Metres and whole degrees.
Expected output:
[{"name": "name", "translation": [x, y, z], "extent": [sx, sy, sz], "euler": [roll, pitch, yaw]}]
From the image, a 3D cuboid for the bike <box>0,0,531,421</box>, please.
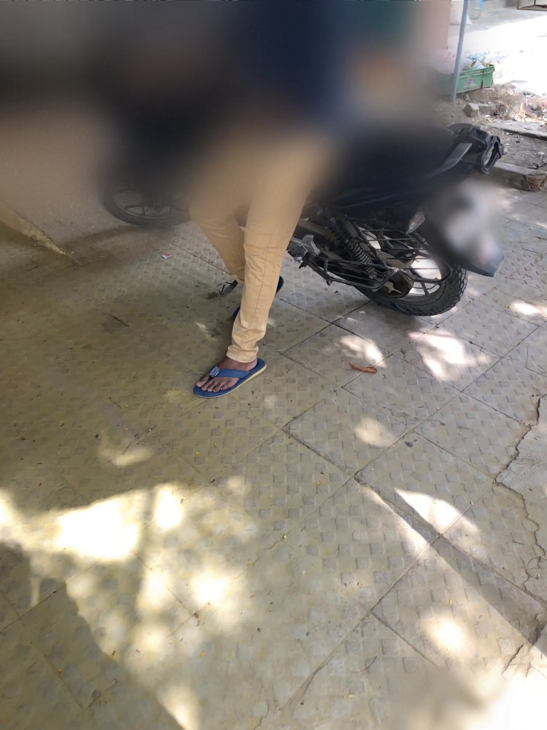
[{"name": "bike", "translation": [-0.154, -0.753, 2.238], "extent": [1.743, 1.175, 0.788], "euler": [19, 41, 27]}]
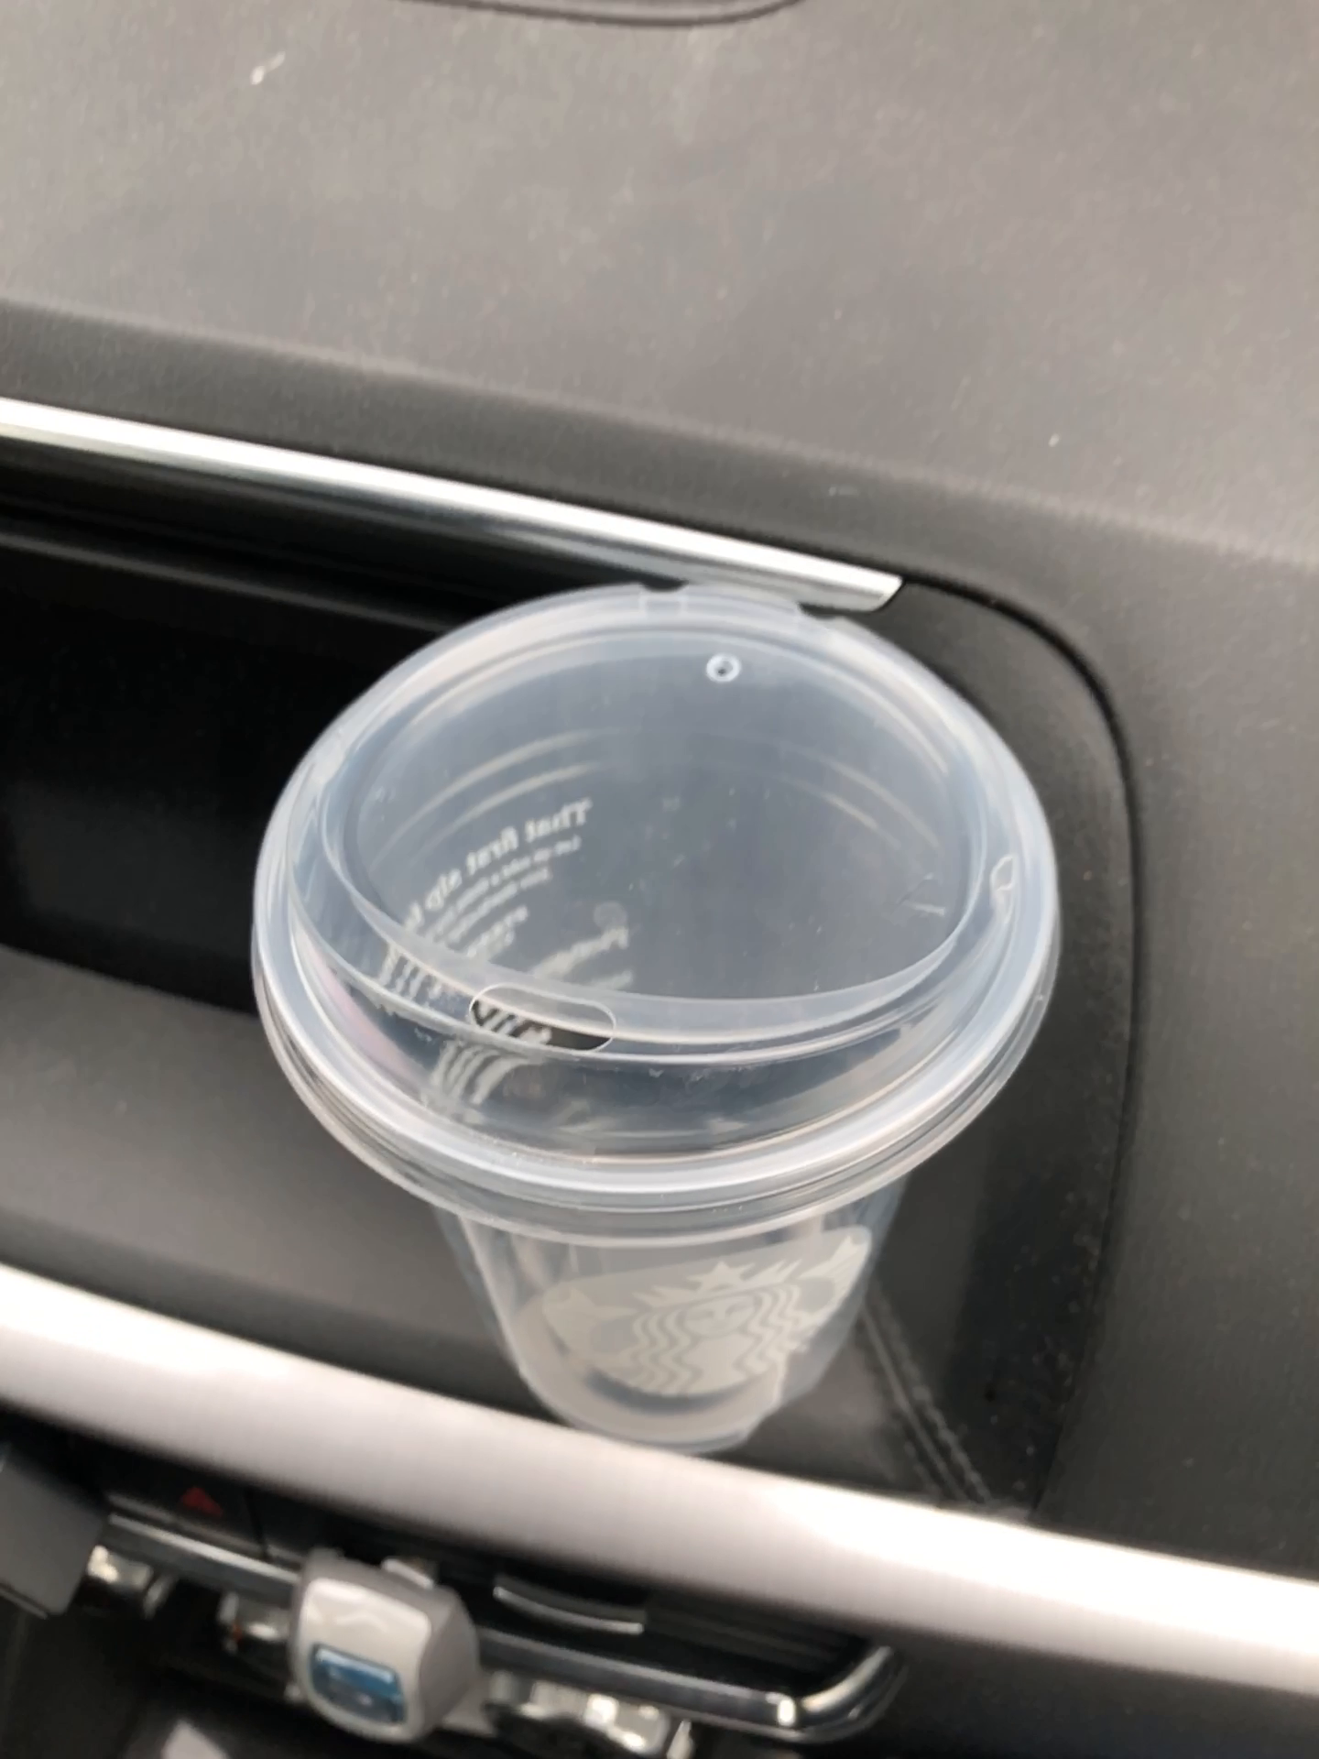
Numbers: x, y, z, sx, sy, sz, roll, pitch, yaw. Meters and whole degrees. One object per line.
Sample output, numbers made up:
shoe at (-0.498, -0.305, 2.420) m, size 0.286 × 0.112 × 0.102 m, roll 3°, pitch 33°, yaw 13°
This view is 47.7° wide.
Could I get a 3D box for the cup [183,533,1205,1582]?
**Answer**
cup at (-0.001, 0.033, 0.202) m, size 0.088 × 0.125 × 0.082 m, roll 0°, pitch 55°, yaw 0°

---

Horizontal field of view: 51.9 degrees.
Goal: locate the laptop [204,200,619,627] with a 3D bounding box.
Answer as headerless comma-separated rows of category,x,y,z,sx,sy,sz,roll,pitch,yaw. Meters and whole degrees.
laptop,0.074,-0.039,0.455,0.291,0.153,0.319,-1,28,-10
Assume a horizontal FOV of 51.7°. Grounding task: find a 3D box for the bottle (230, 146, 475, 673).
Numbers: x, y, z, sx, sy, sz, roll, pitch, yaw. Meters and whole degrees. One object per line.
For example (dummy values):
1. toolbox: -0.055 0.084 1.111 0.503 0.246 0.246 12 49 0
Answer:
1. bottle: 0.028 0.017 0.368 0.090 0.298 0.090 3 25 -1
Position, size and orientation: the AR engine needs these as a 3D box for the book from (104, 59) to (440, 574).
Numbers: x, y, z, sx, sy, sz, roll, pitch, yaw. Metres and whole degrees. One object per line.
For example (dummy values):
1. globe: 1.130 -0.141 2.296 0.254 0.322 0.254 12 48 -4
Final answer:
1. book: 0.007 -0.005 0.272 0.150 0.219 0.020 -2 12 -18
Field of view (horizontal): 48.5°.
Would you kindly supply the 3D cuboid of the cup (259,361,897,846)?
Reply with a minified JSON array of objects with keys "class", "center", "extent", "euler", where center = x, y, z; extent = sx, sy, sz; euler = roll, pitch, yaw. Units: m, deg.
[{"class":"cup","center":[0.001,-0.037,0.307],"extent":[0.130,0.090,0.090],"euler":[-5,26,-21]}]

* * *

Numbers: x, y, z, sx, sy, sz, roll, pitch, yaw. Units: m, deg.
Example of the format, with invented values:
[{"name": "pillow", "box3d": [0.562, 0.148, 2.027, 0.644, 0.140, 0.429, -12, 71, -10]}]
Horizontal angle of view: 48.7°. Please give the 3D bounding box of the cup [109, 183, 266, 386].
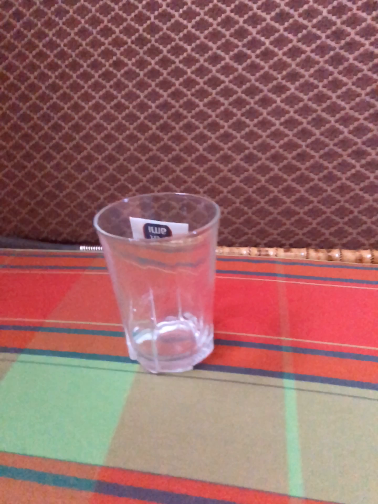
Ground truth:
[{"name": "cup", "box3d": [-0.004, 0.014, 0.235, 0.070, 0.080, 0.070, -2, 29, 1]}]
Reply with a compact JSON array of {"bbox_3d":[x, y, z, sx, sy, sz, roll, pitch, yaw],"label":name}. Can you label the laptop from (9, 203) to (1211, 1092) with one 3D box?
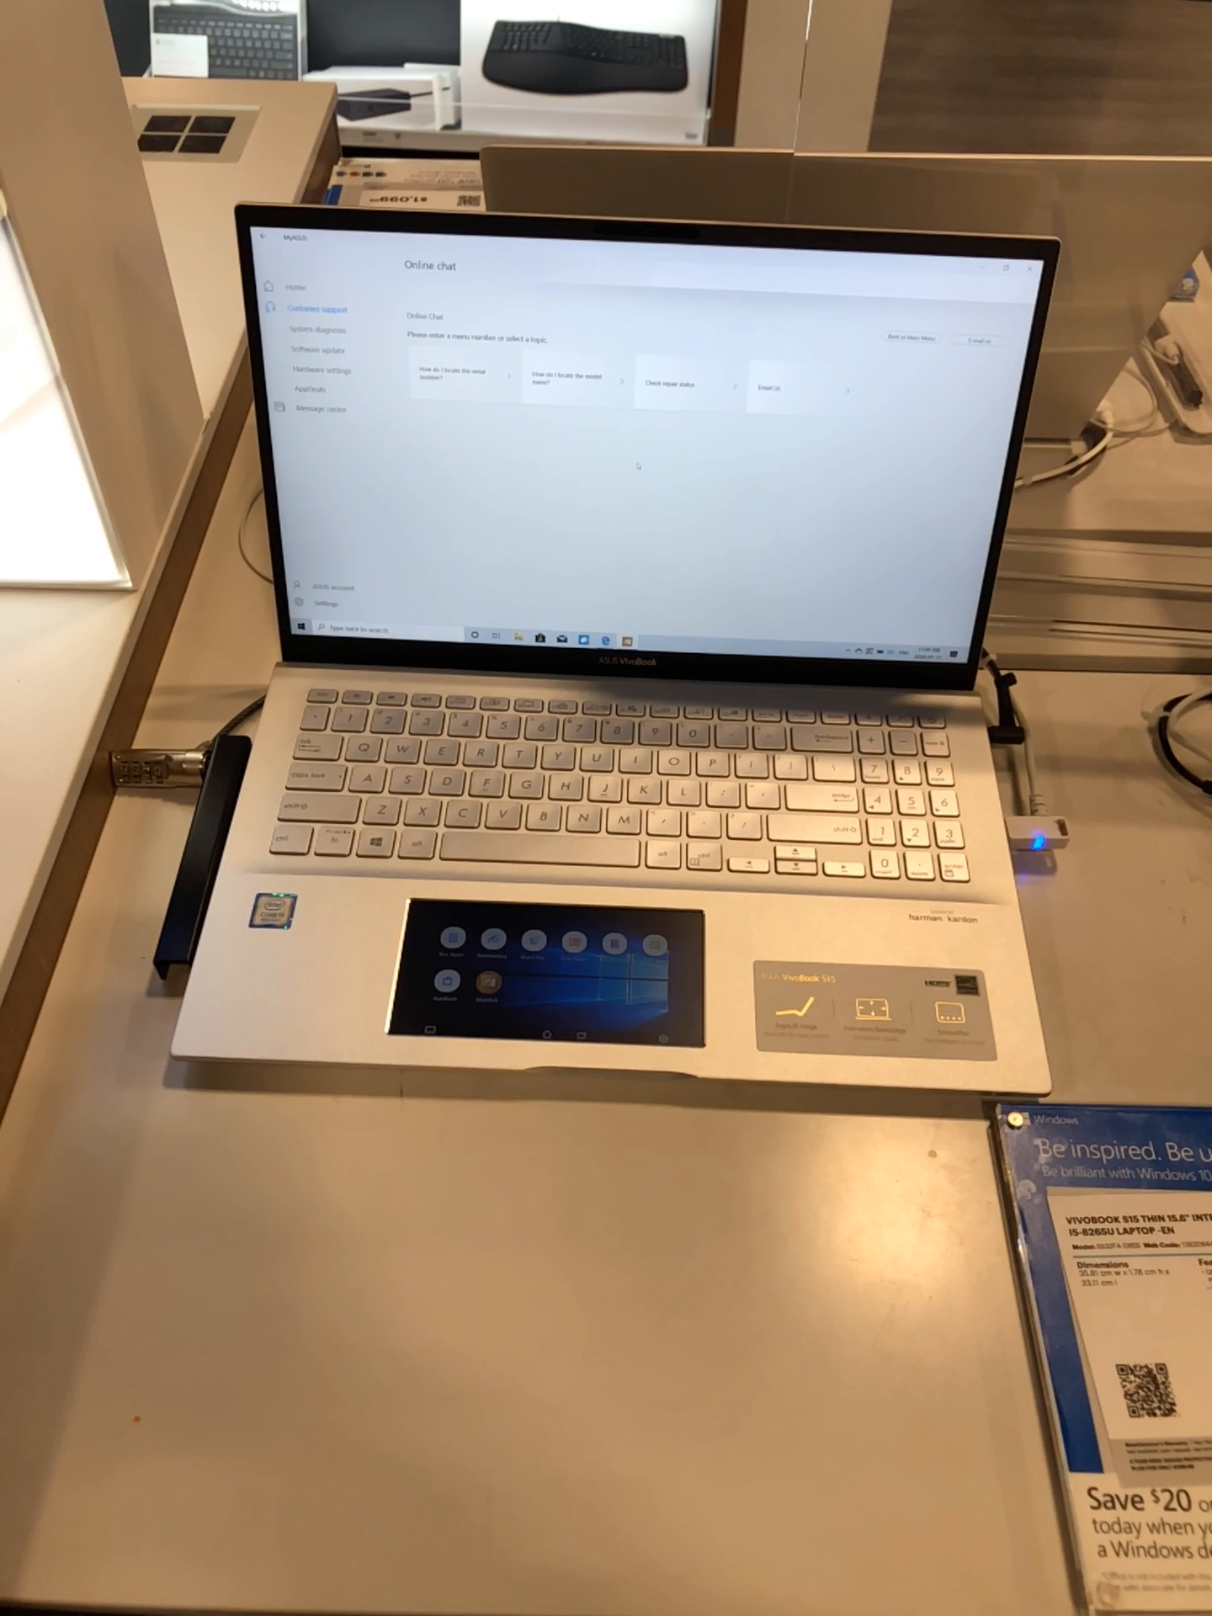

* **WHAT YOU WILL DO**
In the listing above, find the line with "Horizontal field of view: 51.9 degrees." and the line with "Would you kindly", then print exactly those lines and every line between them.

* **EXERCISE ANSWER**
Horizontal field of view: 51.9 degrees.
Goal: locate the laptop [204,200,619,627] with a 3D bounding box.
Answer as headerless comma-separated rows of category,x,y,z,sx,sy,sz,roll,pitch,yaw. Meters and whole degrees.
laptop,0.074,-0.039,0.455,0.291,0.153,0.319,-1,28,-10
Assume a horizontal FOV of 51.7°. Grounding task: find a 3D box for the bottle (230, 146, 475, 673).
Numbers: x, y, z, sx, sy, sz, roll, pitch, yaw. Meters and whole degrees. One object per line.
For example (dummy values):
1. toolbox: -0.055 0.084 1.111 0.503 0.246 0.246 12 49 0
Answer:
1. bottle: 0.028 0.017 0.368 0.090 0.298 0.090 3 25 -1
Position, size and orientation: the AR engine needs these as a 3D box for the book from (104, 59) to (440, 574).
Numbers: x, y, z, sx, sy, sz, roll, pitch, yaw. Metres and whole degrees. One object per line.
For example (dummy values):
1. globe: 1.130 -0.141 2.296 0.254 0.322 0.254 12 48 -4
Final answer:
1. book: 0.007 -0.005 0.272 0.150 0.219 0.020 -2 12 -18
Field of view (horizontal): 48.5°.
Would you kindly supply the 3D cuboid of the cup (259,361,897,846)?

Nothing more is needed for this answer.